In Gaussian Naive Bayesian Method it is assumed that the continuous values ​​associated with each feature are distributed according to the Gaussian distribution . Gaussian distribution is also called normal distribution . When plotted, the graph produces a bell-shaped curve that is symmetrical about the mean of the object, as shown below:

The probability of features is assumed to be Gaussian, therefore, the conditional probability is defined as:

We now look at implementing a Gaussian naive Bayesian classifier using scikit-learn.

# load set iris data

from sklearn.datasets import load_iris

iris = load_iris ()

# save the object matrix (X) and the response vector (y)

X =

y =

# splitting X and Y into training and test suites

from sklearn.model_selection import train_test_split

X_train, X_test, y_train, y_test = train_test_split (X, y, test_size = 0.4 , random_state = 1 )

# training the model on the training set

from sklearn.naive_bayes import GaussianNB

gnb = GaussianNB () (X_train, y_train )

# make predictions on the test set

y_pred = gnb.predict (X_test)

# comparing actual response values ​​(y_test ) with predicted response values ​​(y_pred)

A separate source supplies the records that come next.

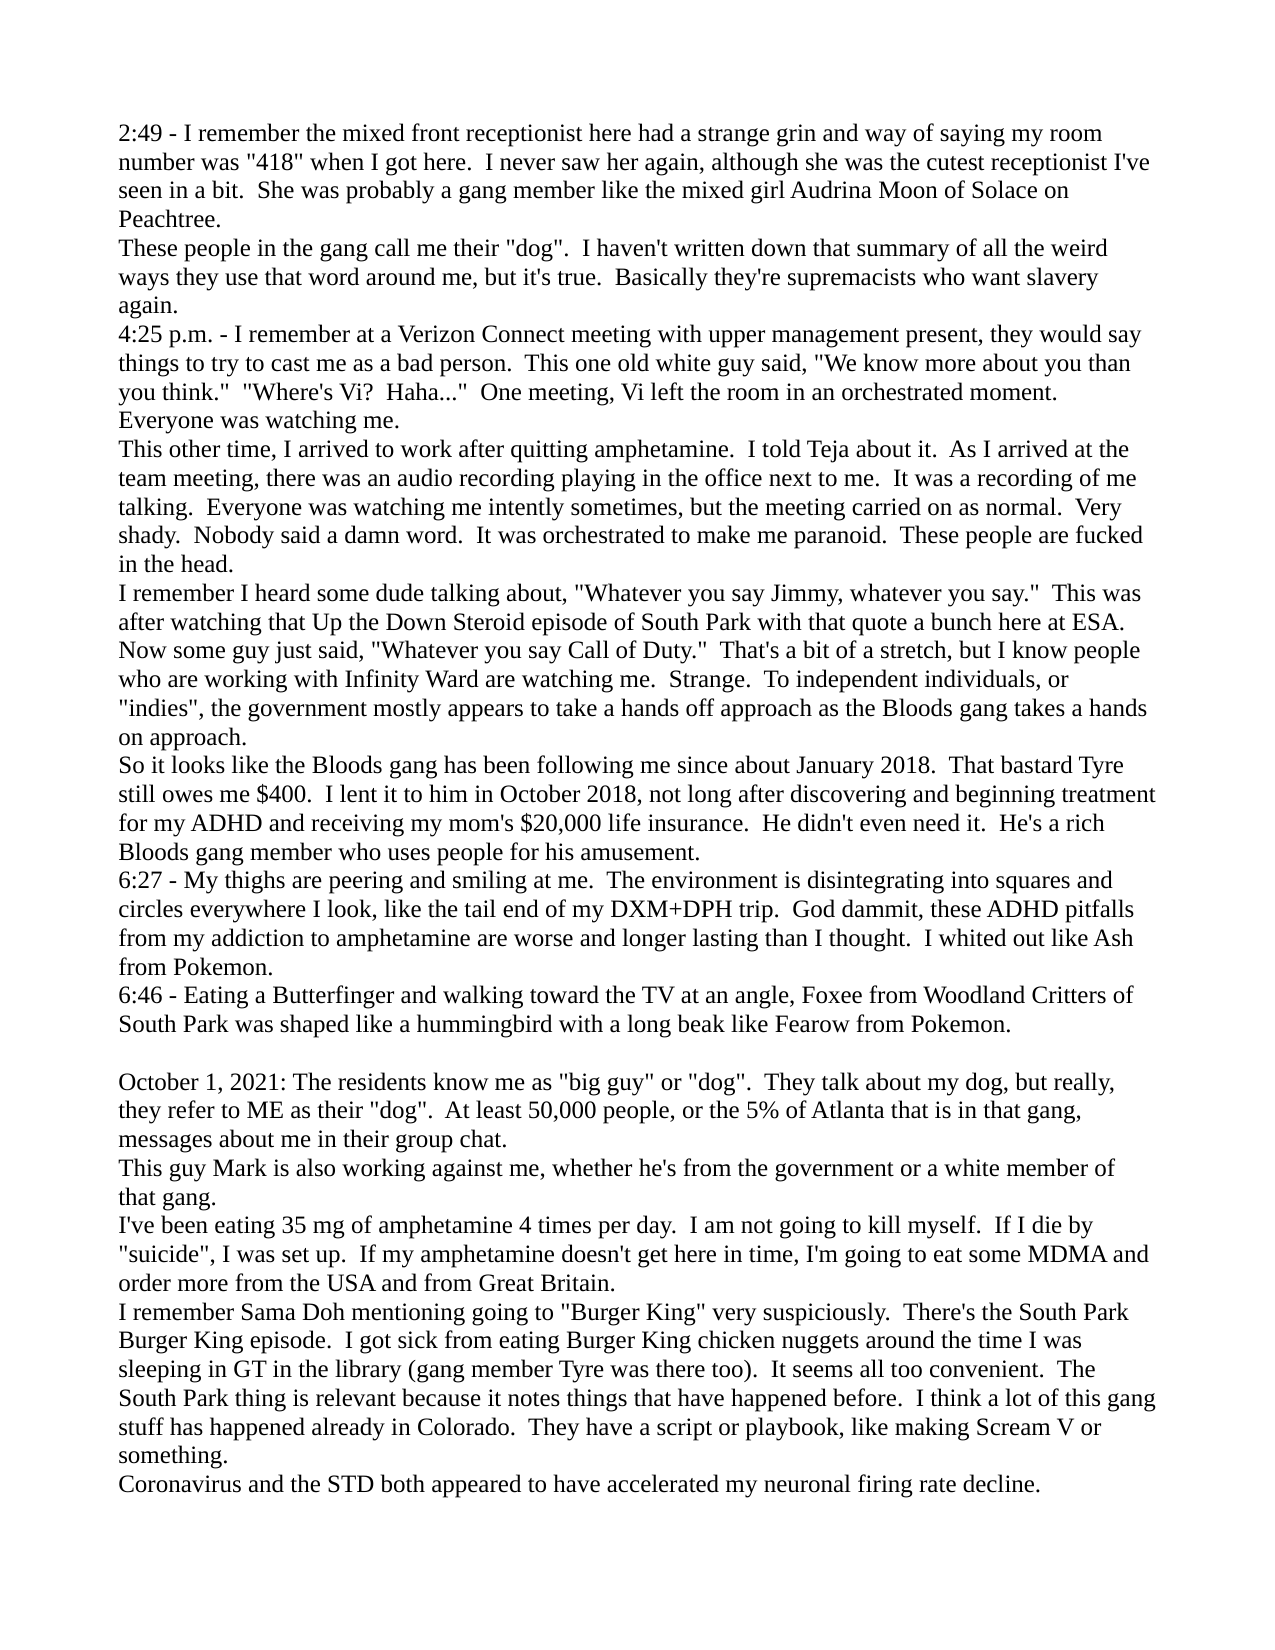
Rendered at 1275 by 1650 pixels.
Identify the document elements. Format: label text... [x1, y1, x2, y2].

text October 1, 2021: The residents know me as "big guy" or "dog". They talk about my dog, but really, they refer to ME as their "dog". At least 50,000 people, or the 5% of Atlanta that is in that gang, messages about me in their group chat. [118, 1067, 1157, 1153]
text 6:27 - My thighs are peering and smiling at me. The environment is disintegrating into squares and circles everywhere I look, like the tail end of my DXM+DPH trip. God dammit, these ADHD pitfalls from my addiction to amphetamine are worse and longer lasting than I thought. I whited out like Ash from Pokemon. [118, 866, 1157, 981]
text So it looks like the Bloods gang has been following me since about January 2018. That bastard Tyre still owes me $400. I lent it to him in October 2018, not long after discovering and beginning treatment for my ADHD and receiving my mom's $20,000 life insurance. He didn't even need it. He's a rich Bloods gang member who uses people for his amusement. [118, 751, 1157, 866]
text I remember Sama Doh mentioning going to "Burger King" very suspiciously. There's the South Park Burger King episode. I got sick from eating Burger King chicken nuggets around the time I was sleeping in GT in the library (gang member Tyre was there too). It seems all too convenient. The South Park thing is relevant because it notes things that have happened before. I think a lot of this gang stuff has happened already in Colorado. They have a script or playbook, like making Scream V or something. [118, 1297, 1157, 1469]
text These people in the gang call me their "dog". I haven't written down that summary of all the weird ways they use that word around me, but it's true. Basically they're supremacists who want slavery again. [118, 233, 1157, 319]
text This guy Mark is also working against me, whether he's from the government or a white member of that gang. [118, 1153, 1157, 1211]
text 2:49 - I remember the mixed front receptionist here had a strange grin and way of saying my room number was "418" when I got here. I never saw her again, although she was the cutest receptionist I've seen in a bit. She was probably a gang member like the mixed girl Audrina Moon of Solace on Peachtree. [118, 118, 1157, 233]
text 4:25 p.m. - I remember at a Verizon Connect meeting with upper management present, they would say things to try to cast me as a bad person. This one old white guy said, "We know more about you than you think." "Where's Vi? Haha..." One meeting, Vi left the room in an orchestrated moment. Everyone was watching me. [118, 319, 1157, 434]
text Coronavirus and the STD both appeared to have accelerated my neuronal firing rate decline. [118, 1469, 1157, 1498]
text I've been eating 35 mg of amphetamine 4 times per day. I am not going to kill myself. If I die by "suicide", I was set up. If my amphetamine doesn't get here in time, I'm going to eat some MDMA and order more from the USA and from Great Britain. [118, 1211, 1157, 1297]
text This other time, I arrived to work after quitting amphetamine. I told Teja about it. As I arrived at the team meeting, there was an audio recording playing in the office next to me. It was a recording of me talking. Everyone was watching me intently sometimes, but the meeting carried on as normal. Very shady. Nobody said a damn word. It was orchestrated to make me paranoid. These people are fucked in the head. [118, 434, 1157, 578]
text 6:46 - Eating a Butterfinger and walking toward the TV at an angle, Foxee from Woodland Critters of South Park was shaped like a hummingbird with a long beak like Fearow from Pokemon. [118, 981, 1157, 1038]
text I remember I heard some dude talking about, "Whatever you say Jimmy, whatever you say." This was after watching that Up the Down Steroid episode of South Park with that quote a bunch here at ESA. Now some guy just said, "Whatever you say Call of Duty." That's a bit of a stretch, but I know people who are working with Infinity Ward are watching me. Strange. To independent individuals, or "indies", the government mostly appears to take a hands off approach as the Bloods gang takes a hands on approach. [118, 578, 1157, 751]
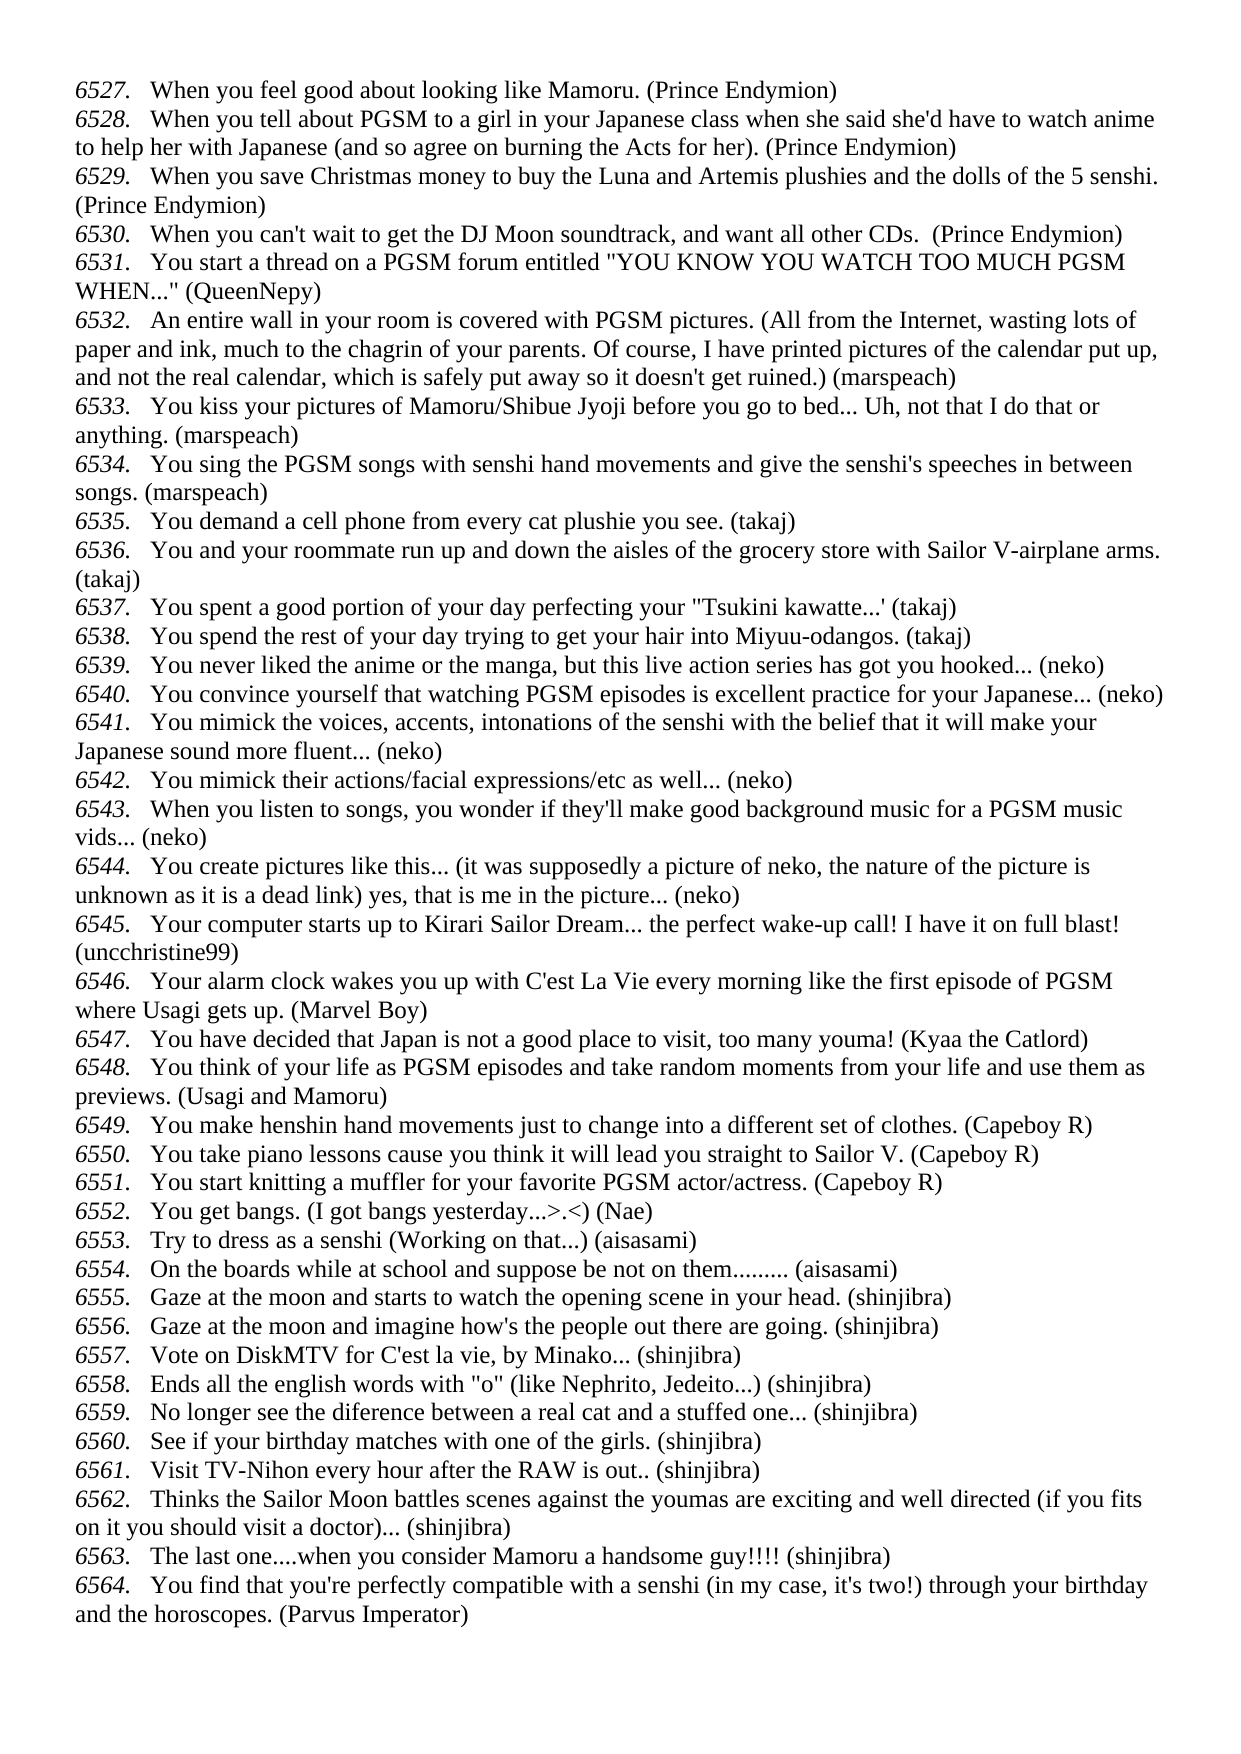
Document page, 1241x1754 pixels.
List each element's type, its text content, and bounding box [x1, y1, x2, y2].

list You spend the rest of your day trying to get your hair into Miyuu-odangos. (takaj) [75, 621, 1165, 650]
list You start knitting a muffler for your favorite PGSM actor/actress. (Capeboy R) [75, 1167, 1165, 1196]
list Your computer starts up to Kirari Sailor Dream... the perfect wake-up call! I have it on full blast! (uncchristine99) [75, 909, 1165, 966]
list You make henshin hand movements just to change into a different set of clothes. (Capeboy R) [75, 1110, 1165, 1139]
list When you can't wait to get the DJ Moon soundtrack, and want all other CDs. (Prince Endymion) [75, 219, 1165, 247]
list On the boards while at school and suppose be not on them......... (aisasami) [75, 1254, 1165, 1282]
list When you feel good about looking like Mamoru. (Prince Endymion) [75, 75, 1165, 104]
list No longer see the diference between a real cat and a stuffed one... (shinjibra) [75, 1397, 1165, 1426]
list You get bangs. (I got bangs yesterday...>.<) (Nae) [75, 1196, 1165, 1225]
list When you tell about PGSM to a girl in your Japanese class when she said she'd have to watch anime to help her with Japanese (and so agree on burning the Acts for her). (Prince Endymion) [75, 104, 1165, 161]
list You mimick their actions/facial expressions/etc as well... (neko) [75, 765, 1165, 794]
list You have decided that Japan is not a good place to visit, too many youma! (Kyaa the Catlord) [75, 1024, 1165, 1052]
list You demand a cell phone from every cat plushie you see. (takaj) [75, 506, 1165, 535]
list You and your roommate run up and down the aisles of the grocery store with Sailor V-airplane arms. (takaj) [75, 535, 1165, 592]
list When you save Christmas money to buy the Luna and Artemis plushies and the dolls of the 5 senshi. (Prince Endymion) [75, 161, 1165, 219]
list Thinks the Sailor Moon battles scenes against the youmas are exciting and well directed (if you fits on it you should visit a doctor)... (shinjibra) [75, 1484, 1165, 1541]
list Your alarm clock wakes you up with C'est La Vie every morning like the first episode of PGSM where Usagi gets up. (Marvel Boy) [75, 966, 1165, 1024]
list You kiss your pictures of Mamoru/Shibue Jyoji before you go to bed... Uh, not that I do that or anything. (marspeach) [75, 391, 1165, 449]
list Try to dress as a senshi (Working on that...) (aisasami) [75, 1225, 1165, 1254]
list See if your birthday matches with one of the girls. (shinjibra) [75, 1426, 1165, 1455]
list You find that you're perfectly compatible with a senshi (in my case, it's two!) through your birthday and the horoscopes. (Parvus Imperator) [75, 1570, 1165, 1627]
list The last one....when you consider Mamoru a handsome guy!!!! (shinjibra) [75, 1541, 1165, 1570]
list You never liked the anime or the manga, but this live action series has got you hooked... (neko) [75, 650, 1165, 679]
list Ends all the english words with "o" (like Nephrito, Jedeito...) (shinjibra) [75, 1369, 1165, 1397]
list You mimick the voices, accents, intonations of the senshi with the belief that it will make your Japanese sound more fluent... (neko) [75, 707, 1165, 765]
list Gaze at the moon and starts to watch the opening scene in your head. (shinjibra) [75, 1282, 1165, 1311]
list Vote on DiskMTV for C'est la vie, by Minako... (shinjibra) [75, 1340, 1165, 1369]
list You sing the PGSM songs with senshi hand movements and give the senshi's speeches in between songs. (marspeach) [75, 449, 1165, 506]
list You take piano lessons cause you think it will lead you straight to Sailor V. (Capeboy R) [75, 1139, 1165, 1167]
list You start a thread on a PGSM forum entitled "YOU KNOW YOU WATCH TOO MUCH PGSM WHEN..." (QueenNepy) [75, 247, 1165, 305]
list You create pictures like this... (it was supposedly a picture of neko, the nature of the picture is unknown as it is a dead link) yes, that is me in the picture... (neko) [75, 851, 1165, 909]
list You think of your life as PGSM episodes and take random moments from your life and use them as previews. (Usagi and Mamoru) [75, 1052, 1165, 1110]
list You spent a good portion of your day perfecting your "Tsukini kawatte...' (takaj) [75, 592, 1165, 621]
list You convince yourself that watching PGSM episodes is excellent practice for your Japanese... (neko) [75, 679, 1165, 707]
list Visit TV-Nihon every hour after the RAW is out.. (shinjibra) [75, 1455, 1165, 1484]
list An entire wall in your room is covered with PGSM pictures. (All from the Internet, wasting lots of paper and ink, much to the chagrin of your parents. Of course, I have printed pictures of the calendar put up, and not the real calendar, which is safely put away so it doesn't get ruined.) (marspeach) [75, 305, 1165, 391]
list Gaze at the moon and imagine how's the people out there are going. (shinjibra) [75, 1311, 1165, 1340]
list When you listen to songs, you wonder if they'll make good background music for a PGSM music vids... (neko) [75, 794, 1165, 851]

from sklearn import metrics

print ( "Gaussian Naive Bayes model accuracy (in%):" , metrics.accuracy_score (y_test, y_pred) * 100 )


 Gaussian Naive Bayes model accuracy (in%): 95.0 

Others popular naive Bayesian classifiers:

  • Polynomial naive Bayesian vector. Function vectors represent the frequencies with which certain events were generated by the polynomial distribution . This is an event model commonly used to classify documents.
  • Naive Bayes Bernoulli's algorithm. In the multivariate Bernoulli event model, the features are independent logical (binary variables) describing the input data. Like the polynomial model, this model is popular for document classification problems where binary occurrence terms (i.e., the word occurs in the document or not) are used rather than frequency terms (i.e., the frequency of a word in a document).

When we get to the end of this article, here are some important points to think about:

  • Despite their oversimplified assumptions, naive Bayesian classifiers have performed quite well in many real-life situations. cool classifying documents and filtering spam. Little training data is required to estimate the required parameters.
  • Naive Bayesian learners and classifiers can be extremely fast compared to more complex methods. Disaggregating the distributions of conditional characteristics of a class means that each distribution can be independently evaluated as a univariate distribution. This, in turn, helps alleviate the problems associated with the curse of dimensionality.


This blog is courtesy of Nikhil Kumar . If you like Python.Engineering and would like to contribute, you can also write an article using, or email your article to [email protected] See my article appearing on the Python.Engineering homepage and help other geeks.

Please post comments if you find anything wrong or if you would like to share more information on the topic discussed above.